Pastor Lisa Horst Clark
October 6, 2019
Genesis 17:1-10, 15-17
The Sign of the Covenant
When Abram was ninety-nine years old, the Lord appeared to Abram, and said to him, ‘I am God Almighty; walk before me, and be blameless. And I will make my covenant between me and you, and will make you exceedingly numerous.’ Then Abram fell on his face; and God said to him, ‘As for me, this is my covenant with you: You shall be the ancestor of a multitude of nations. No longer shall your name be Abram, but your name shall be Abraham; for I have made you the ancestor of a multitude of nations. I will make you exceedingly fruitful; and I will make nations of you, and kings shall come from you. I will establish my covenant between me and you, and your offspring after you throughout their generations, for an everlasting covenant, to be God to you and to your offspring after you. And I will give to you, and to your offspring after you, the land where you are now an alien, all the land of Canaan, for a perpetual holding; and I will be their God.’

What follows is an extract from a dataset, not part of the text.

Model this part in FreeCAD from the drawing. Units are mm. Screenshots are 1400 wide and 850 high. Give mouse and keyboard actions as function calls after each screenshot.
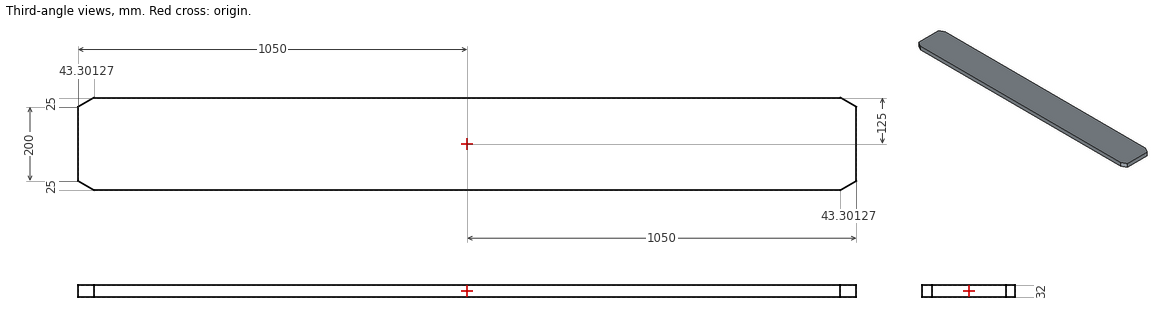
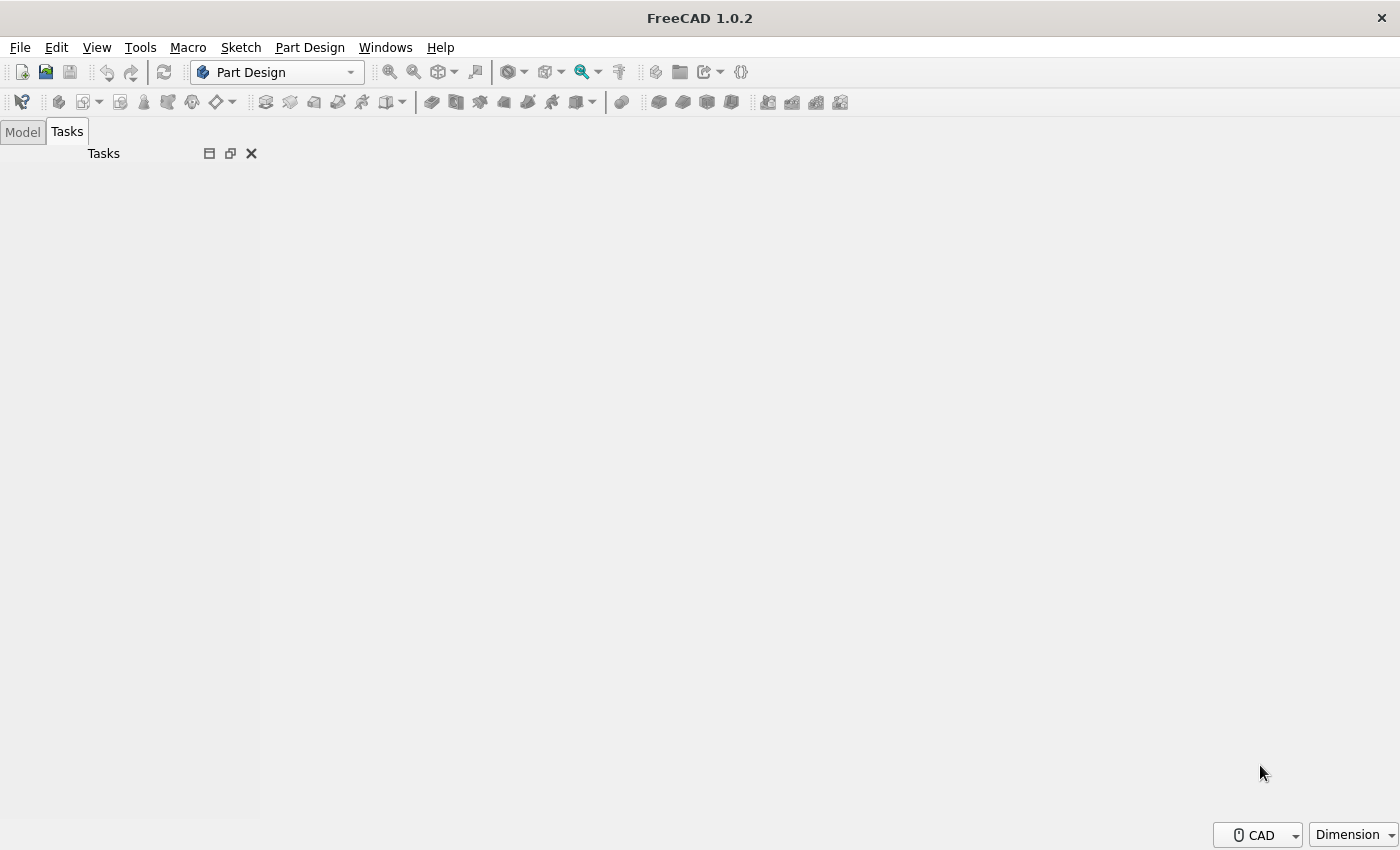
click(22, 72)

God said to Abraham, ‘As for you, you shall keep my covenant, you and your offspring after you throughout their generations. This is my covenant, which you shall keep, between me and you and your offspring after you: Every male among you shall be circumcised.

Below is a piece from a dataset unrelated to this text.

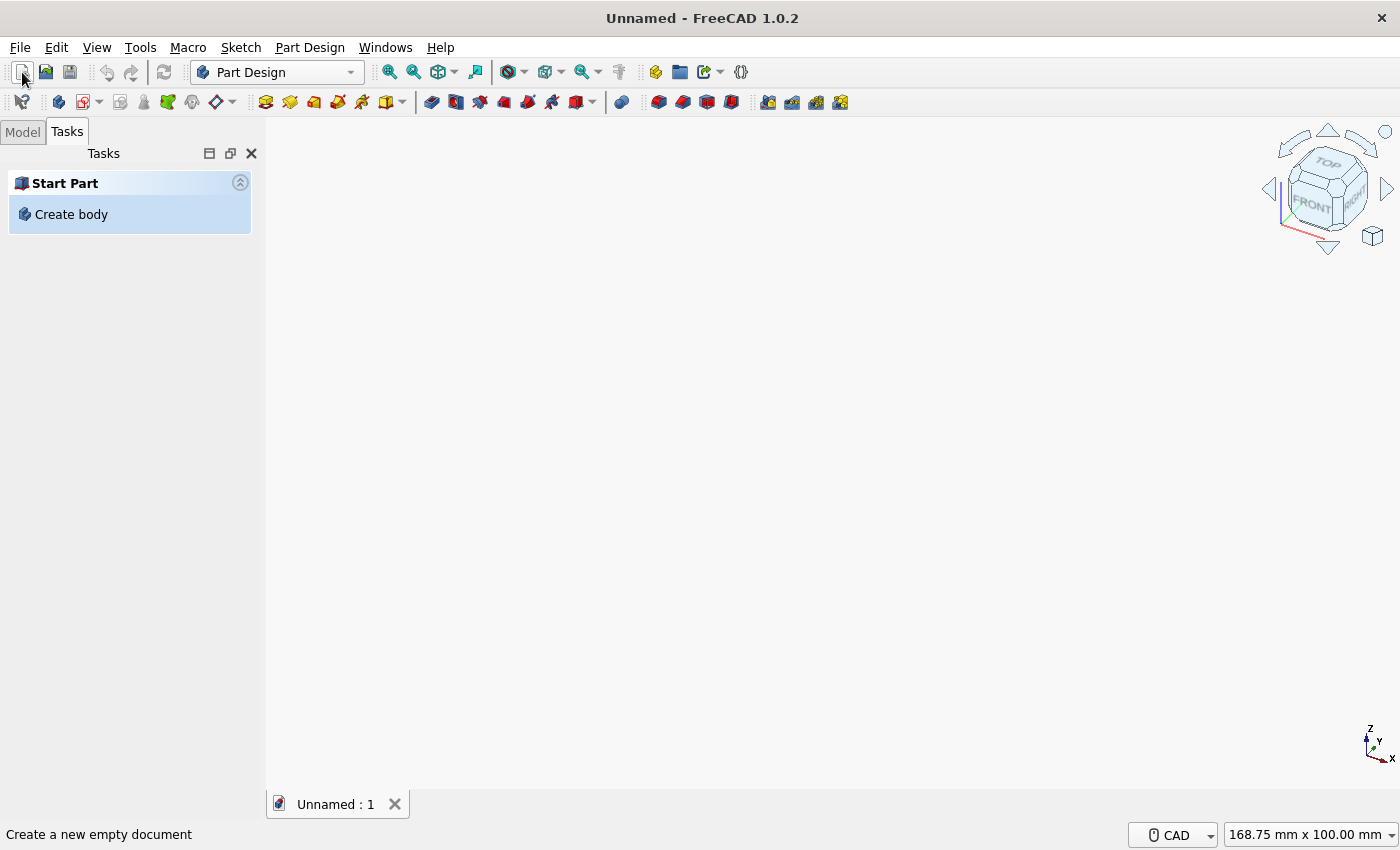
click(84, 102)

God said to Abraham, ‘As for Sarai your wife, you shall not call her Sarai, but Sarah shall be her name. I will bless her, and moreover I will give you a son by her. I will bless her, and she shall give rise to nations; kings of peoples shall come from her.’ Then Abraham fell on his face and laughed, and said to himself, ‘Can a child be born to a man who is a hundred years old? Can Sarah, who is ninety years old, bear a child?’
Message
Barbara Brown Taylor tries to name all the ways she has known God and found spiritual practices, especially outside of the church, and she names that “most of my visions of the divine happened while I was busy doing something else. They happened to me the same way a thunder storm happens to me or a bad cold or the sudden awareness that I am desperately in love. I play no apparent part in their genesis; the only part to decide is how I will respond. We are going to have so many calls through this month it will be glorious, since there is plenty I can do, namely to make them go away. I can (1) figure I have had too much caffeine again, (2) I can remind myself that visions aren’t true the same way that taxes are true or the evening news, (3) I can return my attention to everything I need to get done that day. These are only a few of the things I can do to talk myself out of living in the house of God. Or I can set a little altar in the world or in my heart; I can flag one more gate to heaven, one more patch of ordinary earth where the divine traffic is heavy, when I notice it and even when I do not.”
We are going to be talking about call this month and the ways we hear the call of God to participate in the work of the world of creating the Kingdom of Heaven and today we are starting not with the “what” we are supposed to do but the “who.” Not what we are called to put our efforts behind but who is the one who is calling: a call to relationship, a call to faith. Some folks in the scripture, prophets and saintly folks, have one big vision of God: they hear a voice, they make their objections on the spot until we finally end with a “yes” and they set about the big epic work of God in certainty and faith.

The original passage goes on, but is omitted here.